The half-life of 238 (92) U undergoing a -decay is 4.5 × 10^9 years. What is the activity of 1g sample of 238 (92) U ?

To determine the activity of a 1 gram sample of Uranium-238 (U-238) undergoing beta decay, we need to understand a few concepts: half-life, activity, and the number of atoms in a given mass of a substance. Let's break this down step by step.

Understanding Half-Life and Activity

The half-life of a radioactive isotope is the time it takes for half of the radioactive atoms in a sample to decay. For U-238, this half-life is approximately 4.5 billion years, or 4.5 × 10⁹ years. The activity of a radioactive sample is a measure of the number of decays per unit time and is typically expressed in becquerels (Bq), where 1 Bq equals 1 decay per second.

Calculating the Number of Atoms in 1 gram of U-238

First, we need to find out how many U-238 atoms are in 1 gram. The molar mass of U-238 is about 238 grams per mole.
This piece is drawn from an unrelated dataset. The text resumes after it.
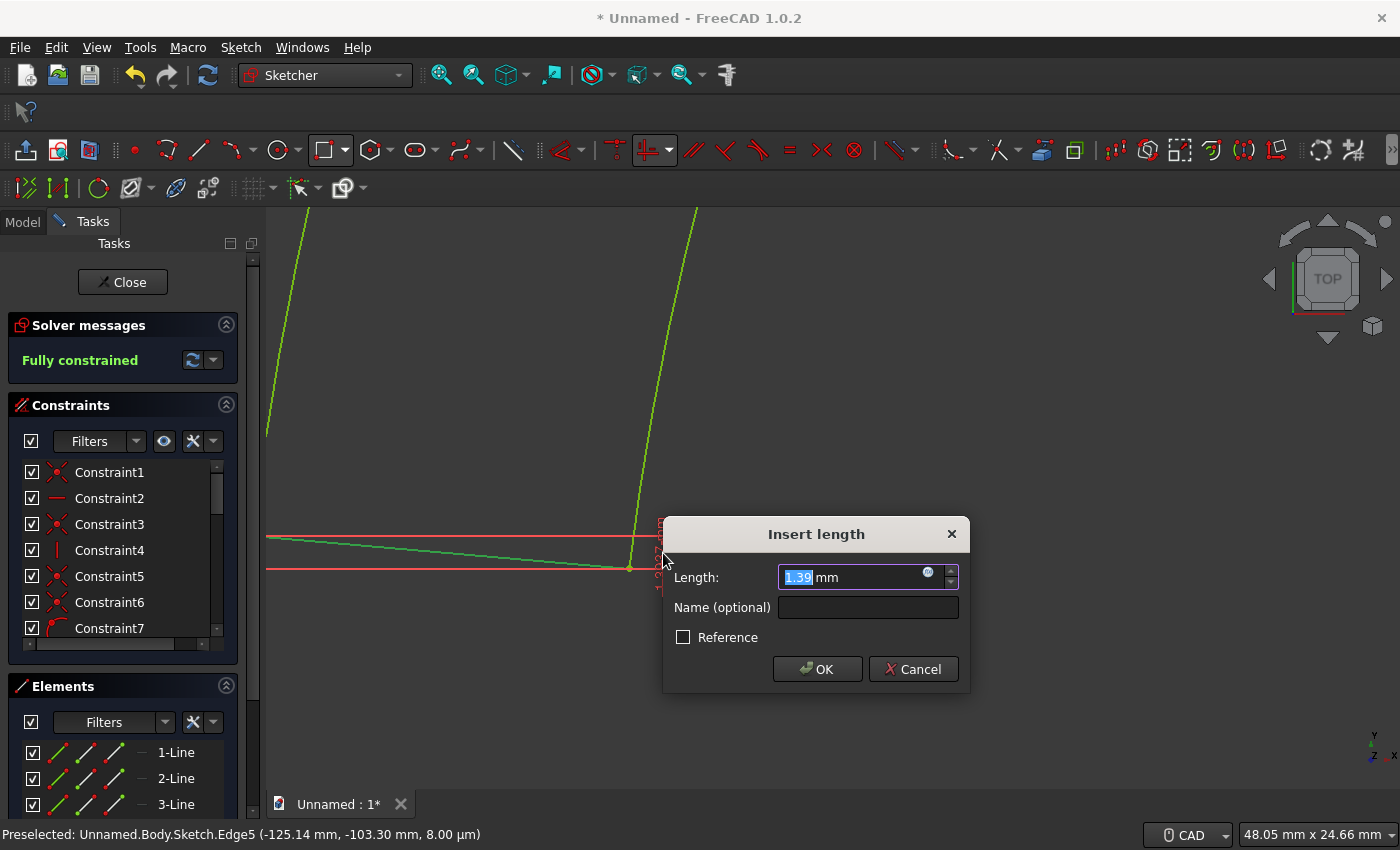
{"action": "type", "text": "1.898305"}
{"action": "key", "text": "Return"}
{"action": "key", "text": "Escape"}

Using Avogadro's number (approximately 6.022 × 10²³ atoms/mole), we can calculate the number of atoms as follows:

• Number of moles in 1 gram of U-238 = mass (g) / molar mass (g/mole)
• Number of moles = 1 g / 238 g/mole ≈ 0.00420 moles
• Number of atoms = number of moles × Avogadro's number
• Number of atoms ≈ 0.00420 moles × 6.022 × 10²³ atoms/mole ≈ 2.53 × 10²¹ atoms

Calculating the Decay Constant

The decay constant (λ) can be derived from the half-life using the formula:

λ = ln(2) / half-life

Substituting the half-life of U-238:

• λ = 0.693 / (4.5 × 10⁹ years) ≈ 1.54 × 10^-10 years^-1

Finding the Activity of the Sample

Now, we can calculate the activity (A) using the formula:

A = λN

Where N is the number of atoms we calculated earlier:

• A = (1.54 × 10^-10 years^-1) × (2.53 × 10²¹ atoms)
• Converting years^-1 to seconds^-1 (1 year = 3.15 × 10⁷ seconds):
• λ = 1.54 × 10^-10 years^-1 × (1 / 3.15 × 10⁷) ≈ 4.88 × 10^-18 seconds^-1
• A ≈ (4.88 × 10^-18 seconds^-1) × (2.53 × 10²¹ atoms) ≈ 12.34 Bq

Final Result

Therefore, the activity of a 1 gram sample of Uranium-238 is approximately 12.34 becquerels. This means that, on average, about 12 decays occur every second in that 1 gram of U-238.